## Directions
Report only the number of lines that contain the string "roll" in the records below.
◆ ◆ ◆ ◆ ◆ ◆ ◆
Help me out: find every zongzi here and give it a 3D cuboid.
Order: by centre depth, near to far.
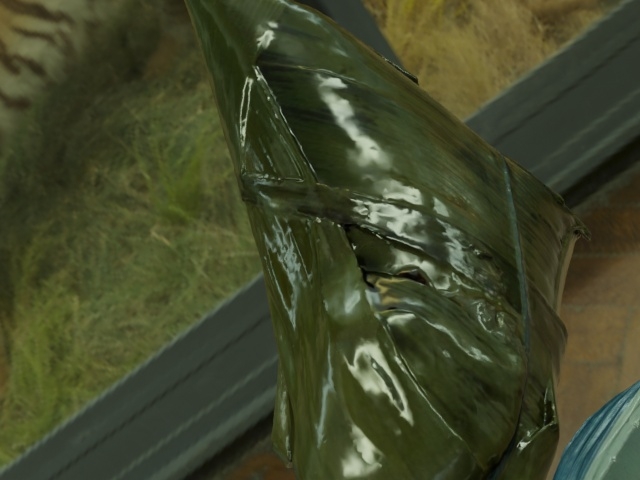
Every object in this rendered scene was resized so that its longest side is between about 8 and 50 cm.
[{"bbox_3d":[0.000,0.000,0.505,0.125,0.274,0.251,-37,20,33],"label":"zongzi"}]

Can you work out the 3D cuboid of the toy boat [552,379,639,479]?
[{"bbox_3d":[0.124,0.068,0.313,0.149,0.034,0.105,-25,37,52],"label":"toy boat"}]
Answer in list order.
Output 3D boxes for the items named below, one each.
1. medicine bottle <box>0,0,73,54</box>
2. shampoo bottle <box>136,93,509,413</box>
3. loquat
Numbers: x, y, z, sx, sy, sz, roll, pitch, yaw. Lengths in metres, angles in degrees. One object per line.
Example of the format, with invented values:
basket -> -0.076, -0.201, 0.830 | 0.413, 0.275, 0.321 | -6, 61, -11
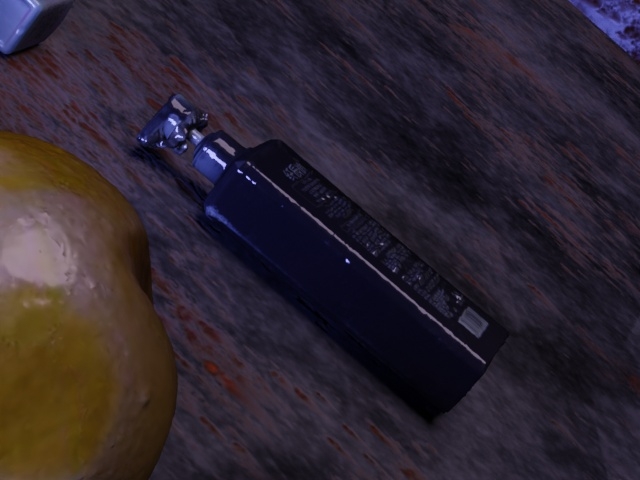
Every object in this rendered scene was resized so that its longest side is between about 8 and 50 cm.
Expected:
medicine bottle -> -0.228, -0.188, 1.510 | 0.074, 0.055, 0.118 | 40, 20, 4
shampoo bottle -> 0.000, 0.000, 1.486 | 0.309, 0.071, 0.098 | 41, 22, 4
loquat -> -0.160, 0.051, 0.940 | 0.213, 0.213, 0.213 | 34, 21, -15
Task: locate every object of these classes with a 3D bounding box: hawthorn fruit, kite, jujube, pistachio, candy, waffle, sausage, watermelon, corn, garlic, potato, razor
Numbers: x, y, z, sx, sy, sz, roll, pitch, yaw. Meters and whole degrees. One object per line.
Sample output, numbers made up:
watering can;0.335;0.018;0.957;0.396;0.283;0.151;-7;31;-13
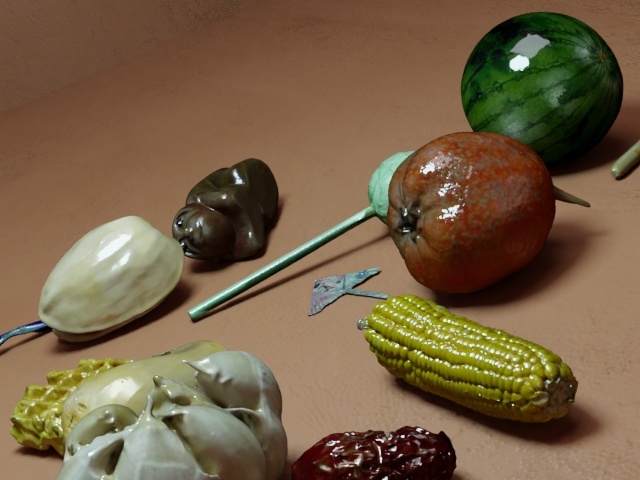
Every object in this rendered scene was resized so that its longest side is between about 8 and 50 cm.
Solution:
hawthorn fruit;0.221;-0.041;1.698;0.262;0.210;0.210;-7;18;-20
kite;0.036;0.072;1.804;0.137;0.005;0.153;-33;27;-27
jujube;0.055;0.232;1.296;0.166;0.104;0.104;-15;22;3
pistachio;-0.311;0.061;1.928;0.229;0.157;0.157;-36;26;-11
candy;0.000;0.000;1.899;0.440;0.119;0.119;-29;24;-10
waffle;-0.308;0.212;1.668;0.211;0.055;0.160;0;27;36
sausage;0.464;-0.127;1.920;0.024;0.024;0.132;5;32;44
watermelon;0.334;-0.227;1.973;0.242;0.242;0.242;-15;22;6
corn;0.161;0.137;1.440;0.102;0.102;0.313;-28;27;-24
garlic;-0.147;0.231;1.330;0.281;0.203;0.184;-19;46;-19
potato;-0.193;0.196;1.514;0.234;0.146;0.150;-16;24;-39
razor;-0.461;0.148;1.970;0.155;0.028;0.044;-27;24;-20

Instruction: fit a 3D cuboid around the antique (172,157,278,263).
◆ ◆ ◆ ◆ ◆ ◆ ◆
## Expected output
2